Поговаривали, что на меня «вертухаи» даже пари заключали: кто говорил, что больше двух недель мне не продержаться, кто голосовал за двадцать дней (дольше никто не держал голодовку]…
Пошёл двадцать третий день, а я продолжал голодать. Все стали ко мне относиться с подчёркнутым уважением. Все, кроме начальства: Прокурор так и не появился. А у меня голод притупился настолько, что есть уже просто не хотелось напрочь…
Двадцать четвёртый день: НИКОГО! Ну, думаю, плохо вы знаете Доценко. Вызываю корпусного, подзываю его прямо к своей шконке. И вручаю очередное заявление на имя Начальника Бутырской тюрьмы, а копию — Генеральному прокурору СССР, в котором говорится, что я, такой-то, находясь в уме и здравой памяти и отчаявшись попасть на приём к Прокурору города, вынужден объявить СУХУЮ ГОЛОДОВКУ…
Для тех, кто не понимает, поясняю. Если, официально объявив голодовку, я отказывался от приёма ЛЮБОЙ ПИЩИ, но не отказывался от приема литра воды в день, то, объявляя СУХУЮ ГОЛОДОВКУ, я отказывался и от воды…
Бывалые люди рассказывали, что сухую голодовку в дополнение к трём неделям обычной можно выдержать не более трёх дней — далее происходят постепенный распад почек и печени, функции которых уже не восстанавливаются…
— Господи, что ты с собой творишь, парень? — с большим участием произнёс корпусной. — Это же всё без толку! Больше пятнадцати лет работаем здесь и ни разу не видели, чтобы это, — кивнул он на мои заявления, — хоть кому-то помогло! ОНИ же только рады будут, если ты сдохнешь!
— Посмотрим… — чуть слышно произнёс я потрескавшимися губами. — Ты только передай по назначению…

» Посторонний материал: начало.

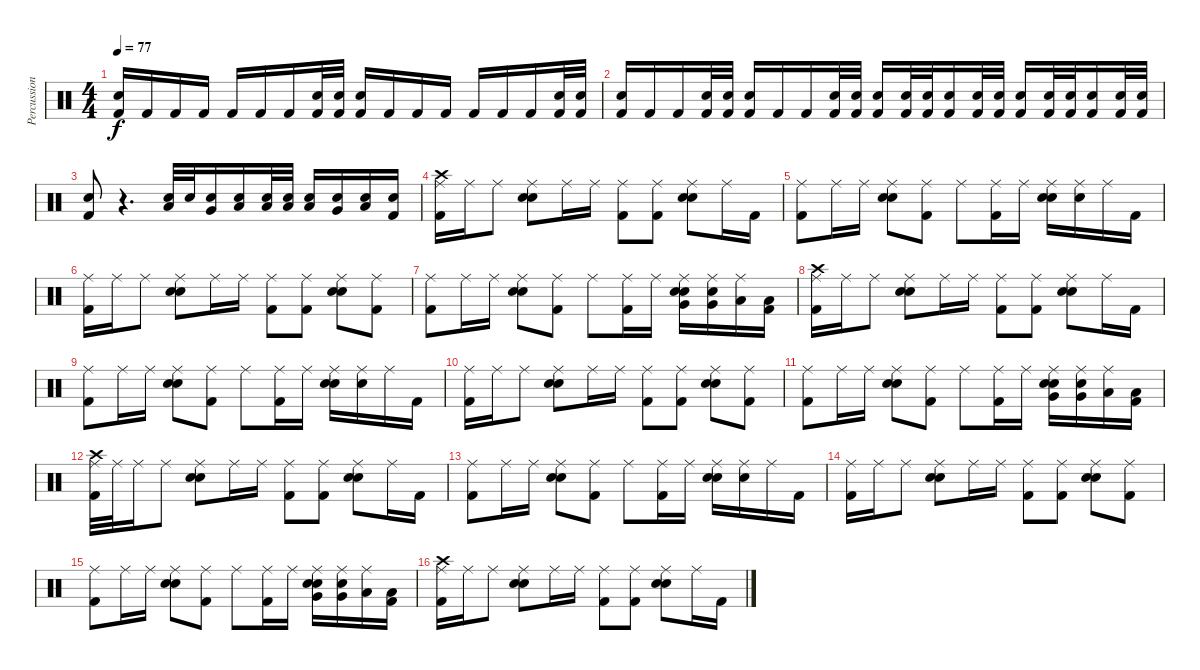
\track ("Percussion" "Percussion") {instrument percussion}
\staff {score}
\articulation defaults
\ts (4 4)
\tempo 77
\clef neutral
\ks c
("Kick (hit) 2" "Electric Snare (hit)").16{dy f} "Kick (hit) 2".16 "Kick (hit) 2".16 "Kick (hit) 2".16 "Kick (hit) 2".16 "Kick (hit) 2".16 "Kick (hit) 2".16 ("Kick (hit) 2" "Electric Snare (hit)").32 ("Kick (hit) 2" "Electric Snare (hit)").32 ("Kick (hit) 2" "Electric Snare (hit)").16 "Kick (hit) 2".16 "Kick (hit) 2".16 "Kick (hit) 2".16 "Kick (hit) 2".16 "Kick (hit) 2".16 "Kick (hit) 2".16 ("Kick (hit) 2" "Electric Snare (hit)").32 ("Kick (hit) 2" "Electric Snare (hit)").32 |
("Kick (hit) 2" "Electric Snare (hit)").16 "Kick (hit) 2".16 "Kick (hit) 2".16 ("Kick (hit) 2" "Electric Snare (hit)").32 ("Kick (hit) 2" "Electric Snare (hit)").32 ("Kick (hit) 2" "Electric Snare (hit)").16 "Kick (hit) 2".16 "Kick (hit) 2".16 ("Kick (hit) 2" "Electric Snare (hit)").32 ("Kick (hit) 2" "Electric Snare (hit)").32 ("Kick (hit) 2" "Electric Snare (hit)").16 ("Kick (hit) 2" "Electric Snare (hit)").32 ("Kick (hit) 2" "Electric Snare (hit)").32 ("Kick (hit) 2" "Electric Snare (hit)").16 ("Kick (hit) 2" "Electric Snare (hit)").32 ("Kick (hit) 2" "Electric Snare (hit)").32 ("Kick (hit) 2" "Electric Snare (hit)").16 ("Kick (hit) 2" "Electric Snare (hit)").32 ("Kick (hit) 2" "Electric Snare (hit)").32 ("Kick (hit) 2" "Electric Snare (hit)").16 ("Kick (hit) 2" "Electric Snare (hit)").32 ("Kick (hit) 2" "Electric Snare (hit)").32 |
("Kick (hit) 2" "Electric Snare (hit)").8 r.4{d} ("Snare (hit) 2" "Low Tom (hit)").32 "Electric Snare (hit)".32 ("Snare (hit) 2" "Very Low Tom (hit)").16 ("Snare (hit) 2" "Low Floor Tom (hit)").16 ("Electric Snare (hit)" "Low Floor Tom (hit)").32 ("Electric Snare (hit)" "Low Floor Tom (hit)").32 ("Electric Snare (hit)" "Low Tom (hit)").16 ("Electric Snare (hit)" "Very Low Tom (hit)").16 ("Electric Snare (hit)" "Low Floor Tom (hit)").16 ("Kick (hit) 2" "Snare (hit) 2").16 |
("Kick (hit) 2" "Crash high (hit)" "Ride (middle)").16 "Ride (middle)".16 "Ride (middle)".8 ("Metronome (bell)" "Electric Snare (hit)" "Ride (middle)").8 "Ride (middle)".16 "Ride (middle)".16 ("Kick (hit) 2" "Ride (middle)").8 ("Kick (hit) 2" "Ride (middle)").8 ("Metronome (bell)" "Electric Snare (hit)" "Ride (middle)").8 "Ride (middle)".16 "Kick (hit) 2".16 |
("Kick (hit) 2" "Ride (middle)").8 "Ride (middle)".16 "Ride (middle)".16 ("Metronome (bell)" "Electric Snare (hit)" "Ride (middle)").8 ("Kick (hit) 2" "Ride (middle)").8 "Ride (middle)".8 ("Kick (hit) 2" "Ride (middle)").16 "Ride (middle)".16 ("Metronome (bell)" "Electric Snare (hit)" "Ride (middle)").16 ("Electric Snare (hit)" "Ride (middle)").16 "Ride (middle)".16 "Kick (hit) 2".16 |
("Kick (hit) 2" "Ride (middle)").16 "Ride (middle)".16 "Ride (middle)".8 ("Metronome (bell)" "Electric Snare (hit)" "Ride (middle)").8 "Ride (middle)".16 "Ride (middle)".16 ("Kick (hit) 2" "Ride (middle)").8 ("Kick (hit) 2" "Ride (middle)").8 ("Metronome (bell)" "Electric Snare (hit)" "Ride (middle)").8 ("Kick (hit) 2" "Ride (middle)").8 |
("Kick (hit) 2" "Ride (middle)").8 "Ride (middle)".16 "Ride (middle)".16 ("Metronome (bell)" "Electric Snare (hit)" "Ride (middle)").8 ("Kick (hit) 2" "Ride (middle)").8 "Ride (middle)".8 ("Kick (hit) 2" "Ride (middle)").16 "Ride (middle)".16 ("Metronome (bell)" "Electric Snare (hit)" "Very Low Tom (hit)" "Ride (middle)").16 ("Electric Snare (hit)" "Very Low Tom (hit)" "Ride (middle)").16 ("Low Floor Tom (hit)" "Ride (middle)").16 ("Kick (hit) 2" "Low Floor Tom (hit)").16 |
("Kick (hit) 2" "Crash high (hit)" "Ride (middle)").16 "Ride (middle)".16 "Ride (middle)".8 ("Metronome (bell)" "Electric Snare (hit)" "Ride (middle)").8 "Ride (middle)".16 "Ride (middle)".16 ("Kick (hit) 2" "Ride (middle)").8 ("Kick (hit) 2" "Ride (middle)").8 ("Metronome (bell)" "Electric Snare (hit)" "Ride (middle)").8 "Ride (middle)".16 "Kick (hit) 2".16 |
("Kick (hit) 2" "Ride (middle)").8 "Ride (middle)".16 "Ride (middle)".16 ("Metronome (bell)" "Electric Snare (hit)" "Ride (middle)").8 ("Kick (hit) 2" "Ride (middle)").8 "Ride (middle)".8 ("Kick (hit) 2" "Ride (middle)").16 "Ride (middle)".16 ("Metronome (bell)" "Electric Snare (hit)" "Ride (middle)").16 ("Electric Snare (hit)" "Ride (middle)").16 "Ride (middle)".16 "Kick (hit) 2".16 |
("Kick (hit) 2" "Ride (middle)").16 "Ride (middle)".16 "Ride (middle)".8 ("Metronome (bell)" "Electric Snare (hit)" "Ride (middle)").8 "Ride (middle)".16 "Ride (middle)".16 ("Kick (hit) 2" "Ride (middle)").8 ("Kick (hit) 2" "Ride (middle)").8 ("Metronome (bell)" "Electric Snare (hit)" "Ride (middle)").8 ("Kick (hit) 2" "Ride (middle)").8 |
("Kick (hit) 2" "Ride (middle)").8 "Ride (middle)".16 "Ride (middle)".16 ("Metronome (bell)" "Electric Snare (hit)" "Ride (middle)").8 ("Kick (hit) 2" "Ride (middle)").8 "Ride (middle)".8 ("Kick (hit) 2" "Ride (middle)").16 "Ride (middle)".16 ("Metronome (bell)" "Electric Snare (hit)" "Very Low Tom (hit)" "Ride (middle)").16 ("Electric Snare (hit)" "Very Low Tom (hit)" "Ride (middle)").16 ("Low Floor Tom (hit)" "Ride (middle)").16 ("Kick (hit) 2" "Low Floor Tom (hit)").16 |
("Kick (hit) 2" "Crash high (hit)" "Ride (middle)").32 "Ride (middle)".32 "Ride (middle)".16 "Ride (middle)".8 ("Metronome (bell)" "Electric Snare (hit)" "Ride (middle)").8 "Ride (middle)".16 "Ride (middle)".16 ("Kick (hit) 2" "Ride (middle)").8 ("Kick (hit) 2" "Ride (middle)").8 ("Metronome (bell)" "Electric Snare (hit)" "Ride (middle)").8 "Ride (middle)".16 "Kick (hit) 2".16 |
("Kick (hit) 2" "Ride (middle)").8 "Ride (middle)".16 "Ride (middle)".16 ("Metronome (bell)" "Electric Snare (hit)" "Ride (middle)").8 ("Kick (hit) 2" "Ride (middle)").8 "Ride (middle)".8 ("Kick (hit) 2" "Ride (middle)").16 "Ride (middle)".16 ("Metronome (bell)" "Electric Snare (hit)" "Ride (middle)").16 ("Electric Snare (hit)" "Ride (middle)").16 "Ride (middle)".16 "Kick (hit) 2".16 |
("Kick (hit) 2" "Ride (middle)").16 "Ride (middle)".16 "Ride (middle)".8 ("Metronome (bell)" "Electric Snare (hit)" "Ride (middle)").8 "Ride (middle)".16 "Ride (middle)".16 ("Kick (hit) 2" "Ride (middle)").8 ("Kick (hit) 2" "Ride (middle)").8 ("Metronome (bell)" "Electric Snare (hit)" "Ride (middle)").8 ("Kick (hit) 2" "Ride (middle)").8 |
("Kick (hit) 2" "Ride (middle)").8 "Ride (middle)".16 "Ride (middle)".16 ("Metronome (bell)" "Electric Snare (hit)" "Ride (middle)").8 ("Kick (hit) 2" "Ride (middle)").8 "Ride (middle)".8 ("Kick (hit) 2" "Ride (middle)").16 "Ride (middle)".16 ("Metronome (bell)" "Electric Snare (hit)" "Very Low Tom (hit)" "Ride (middle)").16 ("Electric Snare (hit)" "Very Low Tom (hit)" "Ride (middle)").16 ("Low Floor Tom (hit)" "Ride (middle)").16 ("Kick (hit) 2" "Low Floor Tom (hit)").16 |
("Kick (hit) 2" "Crash high (hit)" "Ride (middle)").16 "Ride (middle)".16 "Ride (middle)".8 ("Metronome (bell)" "Electric Snare (hit)" "Ride (middle)").8 "Ride (middle)".16 "Ride (middle)".16 ("Kick (hit) 2" "Ride (middle)").8 ("Kick (hit) 2" "Ride (middle)").8 ("Metronome (bell)" "Electric Snare (hit)" "Ride (middle)").8 "Ride (middle)".16 "Kick (hit) 2".16

— Не сомневайся, сам отнесу Начальнику… Эх, паря… — Он махнул рукой и ушёл.
День прошёл, второй — ничего! Третий, четвёртый — тот же результат. Вместо мочи у меня уже пошли коричневые хлопья. А мне стало настолько всё по фигу, что уже ничего не хотелось, и я уже ни на что не надеялся…
Кажется, на двадцать девятый день, то есть на шестой день сухой голодовки, в камере появился «Старший Кум» в сопровождении двух санитаров. Меня уложили на каталку и долго, по крайней мере мне так показалось, везли по коридорам Бутырской тюрьмы. Наконец доставили на больничку, где бесцеремонно привязали меня к железной шконке и через несколько минут насильно засунули мне в горло медицинский шланг с воронкой на конце. В воронку вылили пол-литровой банку питательной смеси. Как потом выяснилось, смесь состояла из пол-литра молока, ста граммов сахара и сто граммов растопленного сливочного масла.
С этого раза меня принялись кормить насильно: каждый день ровно в восемь часов утра насильно вставляли шланг в горло и вливали питательную смесь. Процедура, доложу вам, весьма неприятная, даже противная, но кто тебя спрашивает? Так прошло несколько дней. Горло саднило от постоянного общения с жёстким медицинским шлангом, но моя моча постепенно восстановилась, и в какой-то момент даже появилось желание самому дойти до туалета, но вставать не разрешалось, да, впрочем, и не получилось бы — руки и ноги были крепко привязаны…
Тем не менее в ногах шконки у стены стояли мои костыли: левую ногу я всё ещё не чувствовал.
Прошло ещё несколько дней, и в камеру-палату заглянул вертухай:
— Доценко, «слегка»!
— Ноя же привязанный, — заметил я с усмешкой.